A ball is thrown horizontally from the roof of a building 60 m tall and lands 45 m from the base. What was the ball's initial speed?

_______m/s

How long does it take to fall 60M?

what is that time divided into 45m?

To find the ball's initial speed, we can use the kinematic equation that relates the horizontal distance traveled, the initial velocity, and the time of flight.

The vertical motion of the ball can be disregarded because it is thrown horizontally. So, the only force acting on the ball is gravity in the vertical direction.

Considering the vertical motion:
- Initial position (y₀) = 60 m
- Final position (y) = 0 m
- Initial velocity in the vertical direction (v₀y) = 0 m/s (since the ball is thrown horizontally)
- Acceleration due to gravity (g) = 9.8 m/s²

We can use the vertical motion equation to find the time of flight (t):

y - y₀ = v₀y * t + (1/2) * g * t²

Plugging in the values:
0 - 60 = 0 * t + (1/2) * 9.8 * t²
-60 = (1/2) * 9.8 * t²
-120 = 9.8 * t²
t² = -120 / 9.8
t² ≈ -12.24

Since time cannot be negative, we discard the negative solution. Therefore, t² ≈ 12.24.

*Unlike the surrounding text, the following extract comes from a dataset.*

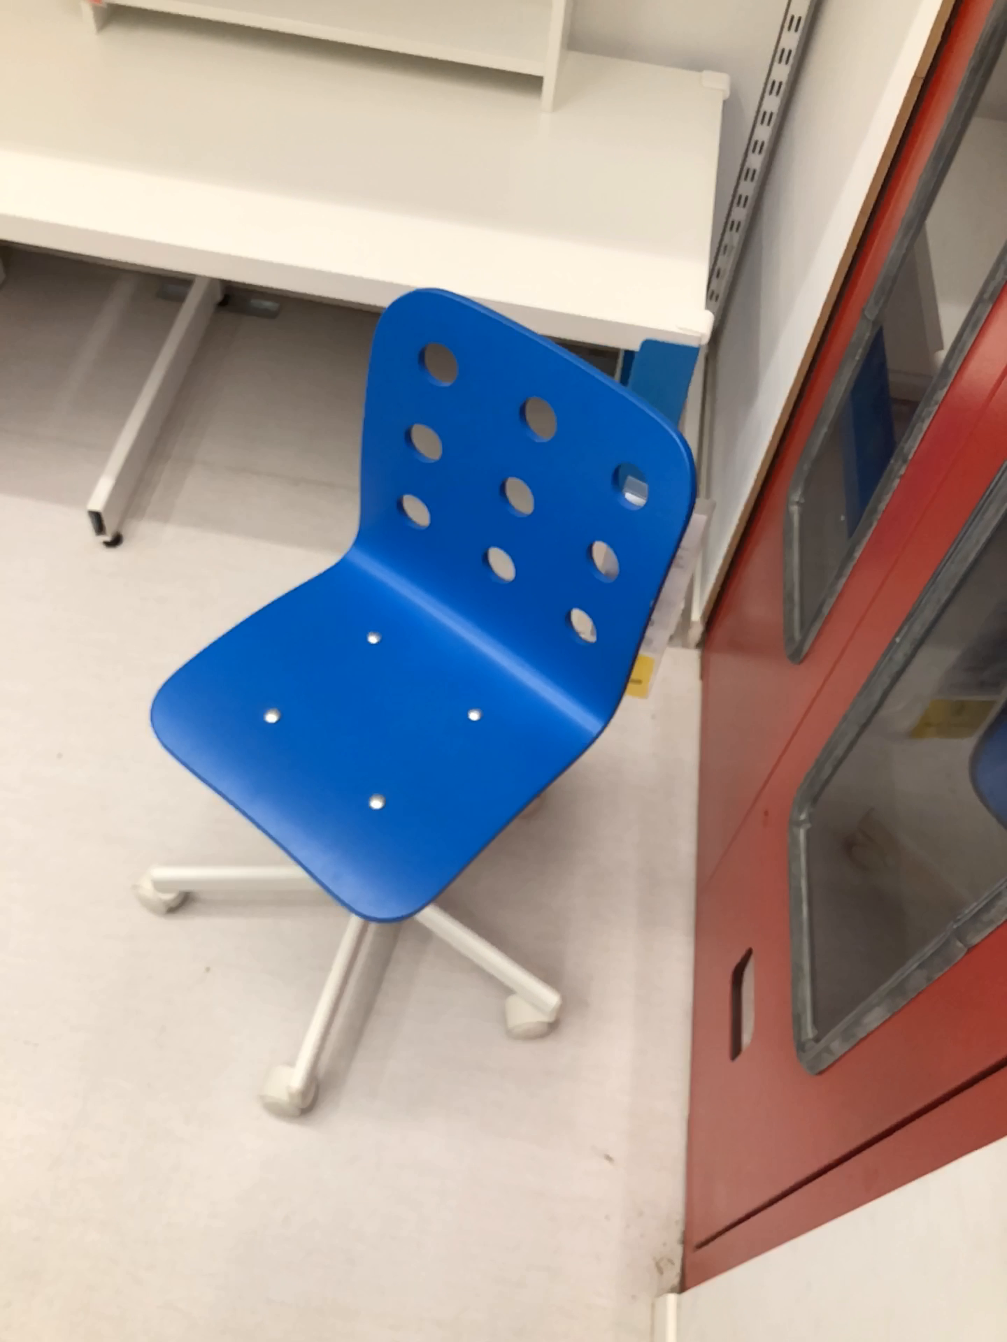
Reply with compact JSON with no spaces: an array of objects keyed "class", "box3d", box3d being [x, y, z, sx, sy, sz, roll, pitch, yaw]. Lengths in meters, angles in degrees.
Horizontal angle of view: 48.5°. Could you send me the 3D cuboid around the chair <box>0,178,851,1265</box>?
[{"class":"chair","box3d":[-0.156,0.083,1.014,0.551,0.687,0.492,35,59,17]}]
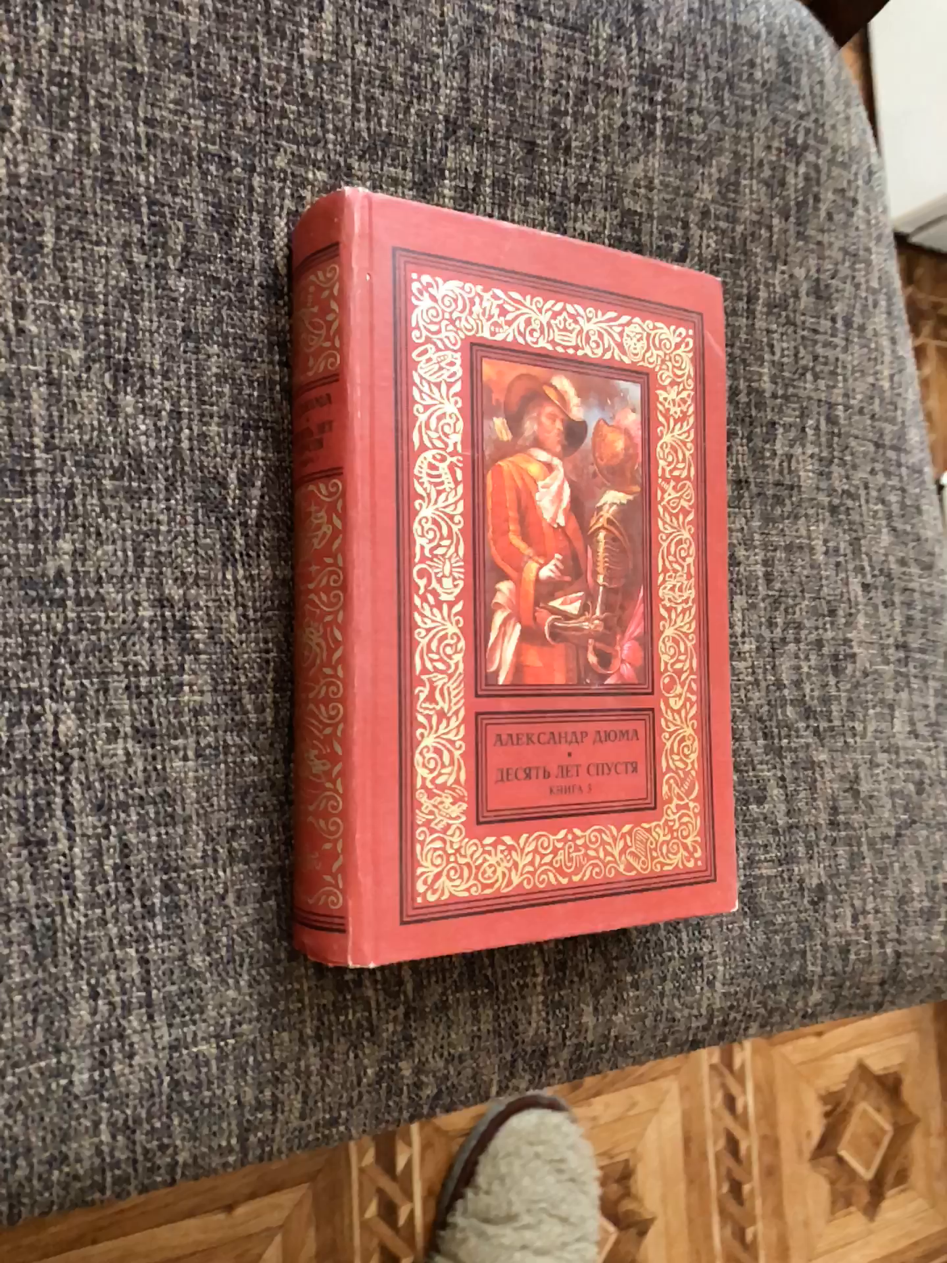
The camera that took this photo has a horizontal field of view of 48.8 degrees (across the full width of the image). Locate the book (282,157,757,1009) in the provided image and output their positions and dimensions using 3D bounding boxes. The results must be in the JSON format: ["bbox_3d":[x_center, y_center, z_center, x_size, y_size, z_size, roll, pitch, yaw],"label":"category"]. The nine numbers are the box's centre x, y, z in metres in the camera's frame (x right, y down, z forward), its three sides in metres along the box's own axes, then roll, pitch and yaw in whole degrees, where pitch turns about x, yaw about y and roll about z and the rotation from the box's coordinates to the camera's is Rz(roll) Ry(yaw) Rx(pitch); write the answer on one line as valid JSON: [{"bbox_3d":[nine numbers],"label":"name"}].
[{"bbox_3d":[0.015,-0.012,0.299,0.132,0.038,0.206,1,86,-29],"label":"book"}]

Now that we have the time of flight, we can use the horizontal motion equation to find the initial velocity (v₀x):

x = v₀x * t

Plugging in the values:
45 = v₀x * t
45 = v₀x * √12.24 (taking the square root of t²)

Solving for v₀x, we have:
v₀x = 45 / √12.24
v₀x ≈ 12.97 m/s

Therefore, the ball's initial speed (v₀) is approximately 12.97 m/s (rounded to two decimal places).